- Video release poster
- Directed by: Robert M. Young
- Written by: Robert M. Young Richard Kramer David S. Ward (as Joaquin Montana) Tom Conti
- Based on: "Saving Grace" by Celia Gittelson
- Produced by: Herbert F. Solow
- Starring: Tom Conti Fernando Rey Erland Josephson Giancarlo Giannini Donald Hewlett Edward James Olmos Patricia Mauceri Marta Zoffoli
- Cinematography: Reynaldo Villalobos
- Edited by: Peter Zinner
- Music by: William Goldstein
- Production company: Embassy Pictures
- Distributed by: Columbia Pictures
- Release date: May 2, 1986;
- Running time: 112 minutes
- Country: United States
- Language: English
- Box office: $18,209

= Saving Grace (1986 film) =

1986 film by Robert M. Young

Saving Grace is a 1986 comedy-drama film directed by Robert M. Young, produced by Herbert F. Solow, and starring Tom Conti, Giancarlo Giannini and Edward James Olmos. It is based on the eponymous novel by Celia Gittelson with screenplay by Richard Kramer and David S. Ward under a different name.

It was the last film to be distributed by Embassy Pictures.

The film was rediscovered after the election of Pope Leo XIV, who shares his papal name with the main character.

==Plot==
Cardinal Giuseppe Bellini has been elected Pope Leo XIV. A year after his election, the youthful Pope longs to be involved in ordinary people's lives again, as he was when he was a priest. During an audience, the Pope communicates with a young deaf mute girl whose village has no priest. Accidentally locked out of the Vatican, the Pope travels to Montepetra, a small impoverished and demoralized village, his identity concealed by his beard growth. He realizes that the people need to rebuild a dilapidated aqueduct but, more importantly, that they must regain their community spirit and self-sufficiency. Without expertise and, initially, only the help of some street-wise orphans, he starts construction. All this is watched skeptically by a mysterious neighbour and opposed by local thugs led by Ciolino whose ill-gotten gains depend on the village remaining overly dependent on outsiders.

==Cast==
- Tom Conti as Cardinal Giuseppe Bellini/Pope Leo XIV
- Fernando Rey as Cardinal Stefano Biondi
- Erland Josephson as Monsignor Francesco Ghezzi
- Giancarlo Giannini as Abalardi
- Donald Hewlett as Monsignor Colin McGee
- Edward James Olmos as Ciolino
- Patricia Mauceri as Lucia
- Marta Zoffoli as Isabella
- Guido Alberti as Cardinal Augusto Morante
- Massimo Sarchielli as Fortunato
- Massimo Serato as Monsignor Betti
- Margherita Horowitz as the nun interpreter
- Carlo Monni as the pizzeria owner

==Production and release==
The movie was shot in Italy: in the cities of Rome, Mantua and the ghost town of Craco.

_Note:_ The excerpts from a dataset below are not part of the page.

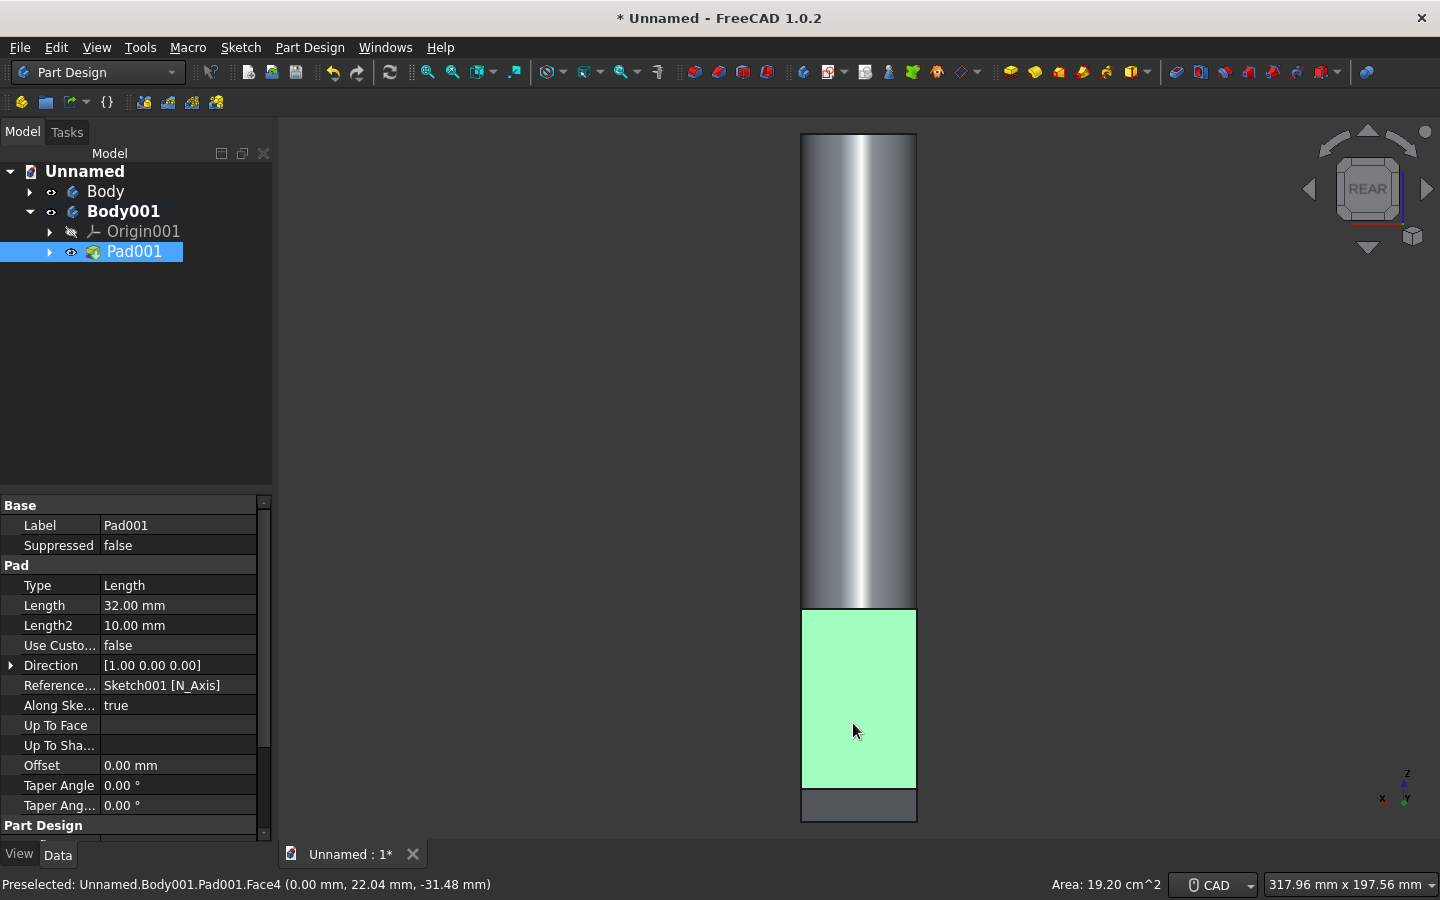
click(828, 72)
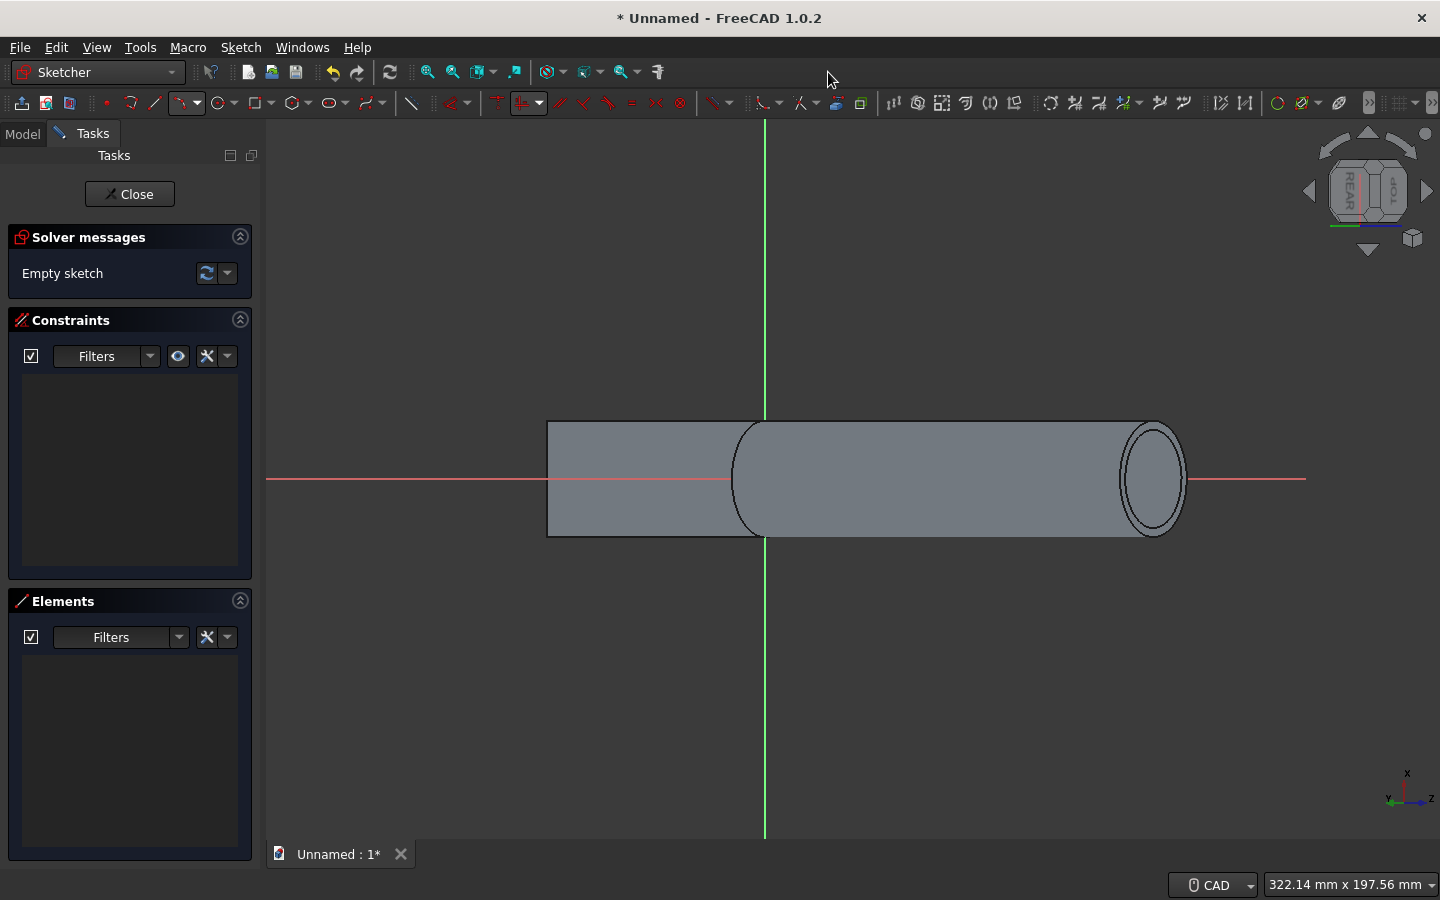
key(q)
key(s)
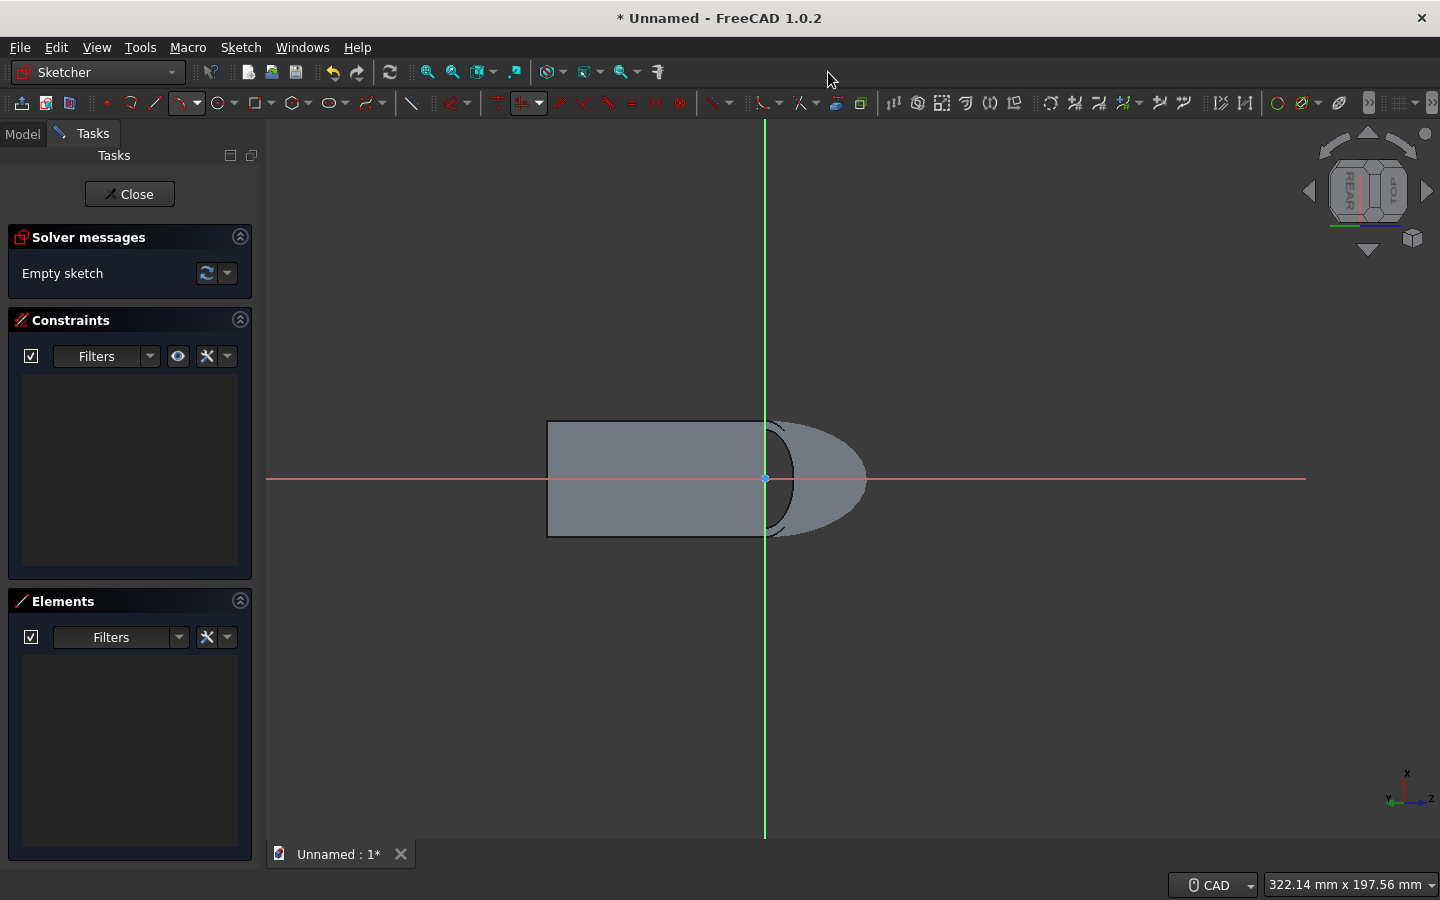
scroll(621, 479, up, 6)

Saving Grace premiered in the United States on May 2, 1986, and in the Philippines on April 11, 1987.

==Critical reception==
The film received mixed to positive reviews. Walter Goodman of The New York Times said, "There's no more engaging actor around than Tom Conti, but not even he, with the assistance of such notables of international moviedom as Giancarlo Giannini, Erland Josephson and Fernando Rey, can lift Saving Grace out of its slough of sentiment." Time Out wrote: "Despite a plot veiled in about as much mystery as an uncracked soft-boiled egg, Saving Grace does retain a certain Disneyesque charm as an innocent modern fable". Variety and TV Guide appreciated the cast and the direction, but expressed criticism about Conti's appearance considered too young for the part. TV Guide defined the movie as "a small but well-told parable that is perfect for family viewing".